Bisnis.com, JAKARTA – Pemerintah Provinsi (Pemprov) DKI Jakarta kembali meraih opini wajar tanpa pengecualian (WTP) dari hasil pemeriksaan Laporan Keuangan tahun 2023 yang dilakukan oleh Badan Pemeriksa Keuangan (BPK).
Hal tersebut disampaikan oleh Anggota V BPK, Ahmadi Noor Supit dalam sidang paripurna DPRD DKI Jakarta yang berlangsung pada hari ini. Penjabat (Pj.) Gubernur DKI Jakarta, Heru Budi Hartono juga hadir dalam pergelaran tersebut.
“Berdasarkan analisis dampak-dampak permasalahan yang ditemukan dalam proses pemeriksaan dengan mempertimbangkan kesesuaian dan kewajaran laporan keuangan sesuai standar pemerintah, termasuk rencana aksi perbaikan yang akan dilaksanakan oleh Pemerintah Provinsi DKI Jakarta, BPK memberikan opini wajar tanpa pengecualian,” katanya di Gedung DPRD DKI, Jakarta Pusat, Kamis (25/7/2024).
Dengan demikian, menurut Ahmadi, Pemprov DKI Jakarta telah berhasil mempertahankan raihan opini WTP unuk ketujuh kali berturut-turut.
“Capaian ini hendaknya menjadi dorongan untuk selalu meningkatkan akuntabilitas dan transparansi pengelolaan keuangan daerah serta meningkatkan kualitas laporan keuangan, sehingga akan menjadi prestasi yang patut dibanggakan,” sambungnya.
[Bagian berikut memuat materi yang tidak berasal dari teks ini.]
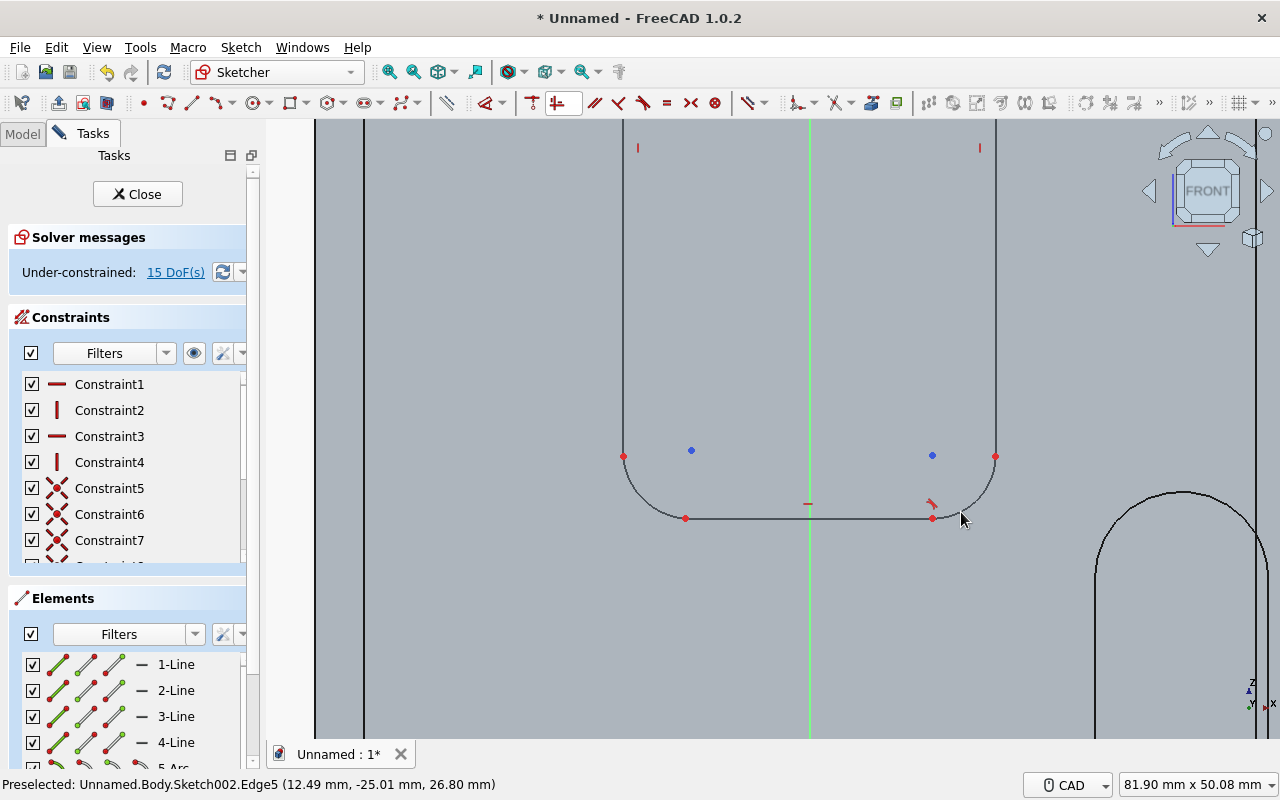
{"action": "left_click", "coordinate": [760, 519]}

Namun demikian, pihaknya masih menemukan beragam permasalahan pengelolaan keuangan di lingkup Pemprov DKI.
Baca Juga
Permasalahan pertama terletak pada Aset Tetap Tanah di lokasi Surat Izin Penunjukan Penggunaan Tanah (SIPPT) yang berpotensi tercatat ganda, pencatatan bidang tanah pada lokasi SIPPT belum seluruhnya didukung BAST dari pengembang, dan penyelesaian Aset Tetap Konstruksi Dalam Pengerjaan yang berlarut-larut.
Lebih lanjut, Pemprov DKI juga belum menerima pendapatan dari sewa lahan oleh PT Jakarta Propertindo (Jakpro), Bank DKI, dan pihak ketiga lainnya serta potensi pendapatan atas pemanfaatan Barang Milik Daerah (BMD) yang belum didukung perjanjian kerja sama.
Berikutnya, masih terdapat kekurangan volume atas pelaksanaan beberapa paket pekerjaan dan keterlambatan penyelesaian pekerjaan yang belum dikenakan denda.
Keempat, Pemprov DKI Jakarta belum memiliki mekanisme pencatatan atas penerimaan hibah langsung dari pemerintah pusat.
“Kelima, penyaluran bantuan sosial kepada beberapa penerima tidak memenuhi kriteria pada Dinas Sosial dan Dinas Pendidikan,” tandas Ahmadi.